The Land of Hope est un film engagé, sans pour cela que Sono Sion enfile de gros godillots de militant. Même s’il botte les fesses des autorités japonaises, dont il dénonce l’absurdité des décisions. Comme cette zone de sécurité qui coupe en deux un village, comme si finalement en l’espace de quelques centimètres, on passait d’un air radioactif à un air non vicié.
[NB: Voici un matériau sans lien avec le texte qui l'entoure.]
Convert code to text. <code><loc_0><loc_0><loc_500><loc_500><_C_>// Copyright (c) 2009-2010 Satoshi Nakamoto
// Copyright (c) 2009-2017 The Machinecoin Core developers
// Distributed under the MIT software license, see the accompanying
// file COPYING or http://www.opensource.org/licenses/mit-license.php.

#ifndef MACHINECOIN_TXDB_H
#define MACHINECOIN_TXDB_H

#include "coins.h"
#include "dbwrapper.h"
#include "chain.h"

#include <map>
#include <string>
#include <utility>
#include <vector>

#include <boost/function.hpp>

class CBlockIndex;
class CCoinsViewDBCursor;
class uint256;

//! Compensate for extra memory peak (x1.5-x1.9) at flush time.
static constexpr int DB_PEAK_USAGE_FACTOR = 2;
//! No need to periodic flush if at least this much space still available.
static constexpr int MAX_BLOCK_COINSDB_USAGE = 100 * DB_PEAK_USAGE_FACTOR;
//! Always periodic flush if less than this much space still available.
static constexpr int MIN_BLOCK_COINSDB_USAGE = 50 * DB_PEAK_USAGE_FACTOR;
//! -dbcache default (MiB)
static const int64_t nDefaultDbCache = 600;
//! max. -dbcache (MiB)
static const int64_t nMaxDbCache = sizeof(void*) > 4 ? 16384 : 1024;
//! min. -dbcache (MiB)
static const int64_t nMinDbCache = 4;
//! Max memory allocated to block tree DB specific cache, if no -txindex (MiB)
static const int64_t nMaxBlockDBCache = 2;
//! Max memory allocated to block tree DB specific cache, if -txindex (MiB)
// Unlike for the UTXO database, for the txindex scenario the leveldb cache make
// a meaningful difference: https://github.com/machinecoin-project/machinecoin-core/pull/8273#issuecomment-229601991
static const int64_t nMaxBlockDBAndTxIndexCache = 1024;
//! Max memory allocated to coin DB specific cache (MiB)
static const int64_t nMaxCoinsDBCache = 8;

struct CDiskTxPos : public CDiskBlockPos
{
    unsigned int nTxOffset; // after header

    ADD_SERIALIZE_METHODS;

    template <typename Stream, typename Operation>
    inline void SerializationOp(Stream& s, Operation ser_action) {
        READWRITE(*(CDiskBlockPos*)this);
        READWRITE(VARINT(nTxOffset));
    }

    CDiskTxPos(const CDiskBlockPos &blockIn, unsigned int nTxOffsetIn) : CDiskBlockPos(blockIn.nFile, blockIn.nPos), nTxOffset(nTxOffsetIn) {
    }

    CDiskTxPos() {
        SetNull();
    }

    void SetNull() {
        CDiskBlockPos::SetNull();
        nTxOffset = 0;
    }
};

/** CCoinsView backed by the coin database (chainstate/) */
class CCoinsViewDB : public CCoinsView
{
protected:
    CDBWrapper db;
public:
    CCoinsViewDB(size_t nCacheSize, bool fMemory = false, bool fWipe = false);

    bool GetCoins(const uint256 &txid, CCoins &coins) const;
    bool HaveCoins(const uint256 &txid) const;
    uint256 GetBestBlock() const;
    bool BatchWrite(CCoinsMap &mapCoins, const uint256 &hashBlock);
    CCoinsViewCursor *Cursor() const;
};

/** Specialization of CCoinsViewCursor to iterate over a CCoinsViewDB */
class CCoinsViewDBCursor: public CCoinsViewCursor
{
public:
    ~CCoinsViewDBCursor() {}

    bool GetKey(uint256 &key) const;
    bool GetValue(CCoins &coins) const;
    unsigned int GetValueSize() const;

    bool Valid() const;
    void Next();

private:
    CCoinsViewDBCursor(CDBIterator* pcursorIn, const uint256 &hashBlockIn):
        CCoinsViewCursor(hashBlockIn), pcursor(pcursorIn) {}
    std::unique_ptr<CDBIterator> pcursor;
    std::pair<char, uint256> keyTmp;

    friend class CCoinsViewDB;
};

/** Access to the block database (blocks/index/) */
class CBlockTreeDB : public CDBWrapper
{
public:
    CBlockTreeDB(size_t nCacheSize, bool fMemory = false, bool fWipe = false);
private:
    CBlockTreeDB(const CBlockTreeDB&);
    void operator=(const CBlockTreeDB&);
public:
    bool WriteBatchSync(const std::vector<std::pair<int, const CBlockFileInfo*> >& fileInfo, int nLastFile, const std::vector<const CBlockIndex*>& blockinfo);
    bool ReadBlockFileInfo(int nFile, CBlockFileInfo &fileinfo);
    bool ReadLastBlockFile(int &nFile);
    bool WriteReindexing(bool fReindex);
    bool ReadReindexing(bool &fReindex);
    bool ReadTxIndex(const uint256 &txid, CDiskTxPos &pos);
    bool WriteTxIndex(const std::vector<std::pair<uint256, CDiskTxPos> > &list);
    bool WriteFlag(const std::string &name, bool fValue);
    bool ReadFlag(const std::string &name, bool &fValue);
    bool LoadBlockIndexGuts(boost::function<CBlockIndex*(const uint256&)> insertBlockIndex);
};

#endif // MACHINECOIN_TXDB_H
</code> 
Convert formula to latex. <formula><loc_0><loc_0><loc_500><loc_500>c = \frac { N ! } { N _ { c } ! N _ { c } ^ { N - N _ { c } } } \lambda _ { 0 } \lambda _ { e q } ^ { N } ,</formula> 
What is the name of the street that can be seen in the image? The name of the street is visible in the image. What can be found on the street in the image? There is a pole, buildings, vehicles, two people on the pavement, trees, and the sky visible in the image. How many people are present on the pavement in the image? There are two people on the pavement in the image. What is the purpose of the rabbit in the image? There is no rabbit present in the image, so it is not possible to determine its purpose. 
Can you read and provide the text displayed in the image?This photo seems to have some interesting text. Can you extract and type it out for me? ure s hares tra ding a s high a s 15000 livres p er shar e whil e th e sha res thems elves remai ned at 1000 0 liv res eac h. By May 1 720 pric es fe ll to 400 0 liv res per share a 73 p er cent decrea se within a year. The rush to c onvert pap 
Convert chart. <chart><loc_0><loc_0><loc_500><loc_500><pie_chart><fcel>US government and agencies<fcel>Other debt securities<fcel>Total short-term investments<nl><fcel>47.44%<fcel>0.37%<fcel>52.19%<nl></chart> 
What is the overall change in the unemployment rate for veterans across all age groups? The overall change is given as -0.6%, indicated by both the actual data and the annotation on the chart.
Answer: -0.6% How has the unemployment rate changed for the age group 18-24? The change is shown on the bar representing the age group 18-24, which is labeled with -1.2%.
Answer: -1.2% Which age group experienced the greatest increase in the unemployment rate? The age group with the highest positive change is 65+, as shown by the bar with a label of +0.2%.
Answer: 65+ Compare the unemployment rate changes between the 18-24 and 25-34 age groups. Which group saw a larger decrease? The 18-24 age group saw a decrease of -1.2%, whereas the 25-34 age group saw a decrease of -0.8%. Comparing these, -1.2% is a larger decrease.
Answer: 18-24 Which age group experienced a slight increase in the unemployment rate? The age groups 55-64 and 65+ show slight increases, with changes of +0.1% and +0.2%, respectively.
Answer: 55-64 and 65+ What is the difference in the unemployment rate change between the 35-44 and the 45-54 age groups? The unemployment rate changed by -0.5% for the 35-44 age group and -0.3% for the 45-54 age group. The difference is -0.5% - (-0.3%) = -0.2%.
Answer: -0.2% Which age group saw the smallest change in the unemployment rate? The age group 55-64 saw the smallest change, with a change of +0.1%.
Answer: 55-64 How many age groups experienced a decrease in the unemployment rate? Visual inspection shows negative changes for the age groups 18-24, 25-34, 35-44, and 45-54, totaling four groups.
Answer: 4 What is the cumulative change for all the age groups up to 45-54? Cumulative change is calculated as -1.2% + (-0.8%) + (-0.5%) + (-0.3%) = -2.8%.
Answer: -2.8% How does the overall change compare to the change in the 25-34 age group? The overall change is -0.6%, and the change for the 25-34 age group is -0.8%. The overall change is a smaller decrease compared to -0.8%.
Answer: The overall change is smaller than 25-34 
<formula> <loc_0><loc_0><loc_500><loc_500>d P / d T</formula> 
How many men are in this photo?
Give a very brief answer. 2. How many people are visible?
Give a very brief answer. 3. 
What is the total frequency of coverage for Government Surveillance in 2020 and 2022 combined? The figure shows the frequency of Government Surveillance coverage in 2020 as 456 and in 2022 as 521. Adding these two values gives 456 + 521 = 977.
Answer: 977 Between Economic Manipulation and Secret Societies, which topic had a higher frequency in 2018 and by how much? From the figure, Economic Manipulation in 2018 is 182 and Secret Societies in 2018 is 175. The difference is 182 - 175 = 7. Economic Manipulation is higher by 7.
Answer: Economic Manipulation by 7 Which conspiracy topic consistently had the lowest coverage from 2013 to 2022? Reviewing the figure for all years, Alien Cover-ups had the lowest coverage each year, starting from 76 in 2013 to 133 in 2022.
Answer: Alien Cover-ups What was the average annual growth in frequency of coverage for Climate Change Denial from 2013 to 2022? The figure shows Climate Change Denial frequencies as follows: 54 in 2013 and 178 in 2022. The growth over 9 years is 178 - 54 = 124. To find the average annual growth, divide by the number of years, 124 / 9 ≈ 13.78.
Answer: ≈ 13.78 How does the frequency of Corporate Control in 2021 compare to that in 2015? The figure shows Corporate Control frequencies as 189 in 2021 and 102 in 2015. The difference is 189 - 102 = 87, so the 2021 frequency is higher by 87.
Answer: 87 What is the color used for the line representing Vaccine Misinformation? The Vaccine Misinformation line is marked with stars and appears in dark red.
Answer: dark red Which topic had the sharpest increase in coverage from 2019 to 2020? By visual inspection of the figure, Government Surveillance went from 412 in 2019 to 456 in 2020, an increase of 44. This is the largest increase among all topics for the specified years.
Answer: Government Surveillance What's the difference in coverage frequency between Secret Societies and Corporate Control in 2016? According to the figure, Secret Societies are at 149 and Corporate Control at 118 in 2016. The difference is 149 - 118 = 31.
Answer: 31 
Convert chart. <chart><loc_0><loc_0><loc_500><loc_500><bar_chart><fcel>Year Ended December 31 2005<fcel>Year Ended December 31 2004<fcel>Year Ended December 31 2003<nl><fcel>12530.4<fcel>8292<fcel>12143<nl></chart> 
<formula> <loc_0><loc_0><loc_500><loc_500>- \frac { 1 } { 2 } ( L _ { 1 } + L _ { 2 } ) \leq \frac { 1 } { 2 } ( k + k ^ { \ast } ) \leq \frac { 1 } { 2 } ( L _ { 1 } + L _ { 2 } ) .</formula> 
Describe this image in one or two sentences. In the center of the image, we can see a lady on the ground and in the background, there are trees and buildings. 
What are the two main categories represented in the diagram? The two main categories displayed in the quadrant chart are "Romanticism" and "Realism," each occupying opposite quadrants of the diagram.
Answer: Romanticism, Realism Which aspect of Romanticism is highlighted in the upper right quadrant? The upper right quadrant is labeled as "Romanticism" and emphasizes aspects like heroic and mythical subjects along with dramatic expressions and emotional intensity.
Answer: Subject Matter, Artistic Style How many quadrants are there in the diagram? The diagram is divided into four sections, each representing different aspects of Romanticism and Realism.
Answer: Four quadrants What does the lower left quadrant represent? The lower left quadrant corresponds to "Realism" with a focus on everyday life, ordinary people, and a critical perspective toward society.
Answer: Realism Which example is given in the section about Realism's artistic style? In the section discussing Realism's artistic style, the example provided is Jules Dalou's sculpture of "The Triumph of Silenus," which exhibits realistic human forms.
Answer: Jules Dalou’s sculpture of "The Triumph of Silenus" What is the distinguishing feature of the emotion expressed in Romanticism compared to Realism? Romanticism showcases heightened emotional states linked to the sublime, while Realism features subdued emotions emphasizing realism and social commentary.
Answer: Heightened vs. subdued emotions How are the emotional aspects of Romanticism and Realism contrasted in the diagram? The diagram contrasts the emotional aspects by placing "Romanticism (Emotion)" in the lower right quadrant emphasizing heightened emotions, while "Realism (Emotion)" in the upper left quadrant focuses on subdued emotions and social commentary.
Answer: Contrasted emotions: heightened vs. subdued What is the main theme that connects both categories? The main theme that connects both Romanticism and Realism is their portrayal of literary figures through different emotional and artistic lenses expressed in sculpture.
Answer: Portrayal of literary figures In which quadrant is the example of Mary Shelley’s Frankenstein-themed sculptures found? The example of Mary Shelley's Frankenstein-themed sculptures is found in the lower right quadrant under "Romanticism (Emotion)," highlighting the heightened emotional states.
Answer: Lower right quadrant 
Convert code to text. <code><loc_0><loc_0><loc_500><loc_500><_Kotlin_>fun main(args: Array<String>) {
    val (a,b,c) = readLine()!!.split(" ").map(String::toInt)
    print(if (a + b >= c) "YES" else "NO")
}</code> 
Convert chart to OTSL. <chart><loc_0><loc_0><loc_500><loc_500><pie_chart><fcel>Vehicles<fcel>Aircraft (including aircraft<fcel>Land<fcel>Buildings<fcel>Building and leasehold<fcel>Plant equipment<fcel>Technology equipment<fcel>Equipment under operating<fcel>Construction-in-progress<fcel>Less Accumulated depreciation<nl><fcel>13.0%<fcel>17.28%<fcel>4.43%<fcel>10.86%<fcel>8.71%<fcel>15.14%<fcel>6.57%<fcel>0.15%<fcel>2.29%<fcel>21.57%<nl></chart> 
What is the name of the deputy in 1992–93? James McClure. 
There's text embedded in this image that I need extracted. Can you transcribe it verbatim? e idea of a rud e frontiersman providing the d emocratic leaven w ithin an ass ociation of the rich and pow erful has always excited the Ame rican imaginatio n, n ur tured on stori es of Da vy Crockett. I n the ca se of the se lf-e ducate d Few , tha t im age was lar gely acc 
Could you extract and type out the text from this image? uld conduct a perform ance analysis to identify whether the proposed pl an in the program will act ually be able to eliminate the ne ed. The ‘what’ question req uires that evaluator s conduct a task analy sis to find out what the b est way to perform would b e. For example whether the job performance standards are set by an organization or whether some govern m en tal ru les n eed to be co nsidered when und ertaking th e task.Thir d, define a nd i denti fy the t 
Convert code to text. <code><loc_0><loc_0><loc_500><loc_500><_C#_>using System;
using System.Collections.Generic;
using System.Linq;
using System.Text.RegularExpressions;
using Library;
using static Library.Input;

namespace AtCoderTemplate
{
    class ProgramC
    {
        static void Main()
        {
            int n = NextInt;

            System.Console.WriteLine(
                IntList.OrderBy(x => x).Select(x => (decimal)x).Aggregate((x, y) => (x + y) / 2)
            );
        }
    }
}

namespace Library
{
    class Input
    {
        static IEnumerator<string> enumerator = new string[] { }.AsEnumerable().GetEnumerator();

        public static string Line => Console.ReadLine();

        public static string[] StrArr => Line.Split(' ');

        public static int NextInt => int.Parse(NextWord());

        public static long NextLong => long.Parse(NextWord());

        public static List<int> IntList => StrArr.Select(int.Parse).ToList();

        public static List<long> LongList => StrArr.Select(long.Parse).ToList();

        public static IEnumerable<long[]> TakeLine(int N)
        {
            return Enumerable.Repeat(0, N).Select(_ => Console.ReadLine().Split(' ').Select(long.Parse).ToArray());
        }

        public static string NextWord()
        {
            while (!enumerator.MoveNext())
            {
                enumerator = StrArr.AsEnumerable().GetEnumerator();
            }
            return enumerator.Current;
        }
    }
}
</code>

Dans une société japonaise connue pour son respect de l’autorité, pour le meilleur comme pour le pire, il critique aussi le manque de transparence du gouvernement à propos du danger encouru après l’explosion de la centrale. Il recommande de ne pas croire les informations qu’il donne. En cela, Sono Sion reste fidèle à sa réputation de cinéaste punk.
Mais la radioactivité, d’autant plus inquiétante qu’elle est invisible, ne pollue pas seulement l’air, elle contamine aussi l’esprit des gens. La peur s’empare de la bru enceinte qui a peur de ses conséquences pour son bébé, et son comportement attire la réprobation des habitants de leur ville d’adoption.
The Land of Hope traite d’un sujet dramatique, mais il s’agit d’un film lumineux. Cette lumière provient de la force de caractère des personnages qui luttent contre une force plus puissante qu’eux. Elle les pousse à résister pour l’ancienne génération et à aller de l’avant pour les plus jeunes. Le film de Sono Sion est transcendé par cette énergie positive qui le traverse.
The Land of Hope a été présenté hors compétition au cours de la 15ème édition du Festival du film asiatique de Deauville. Il sortira sur les écrans français le 23 avril.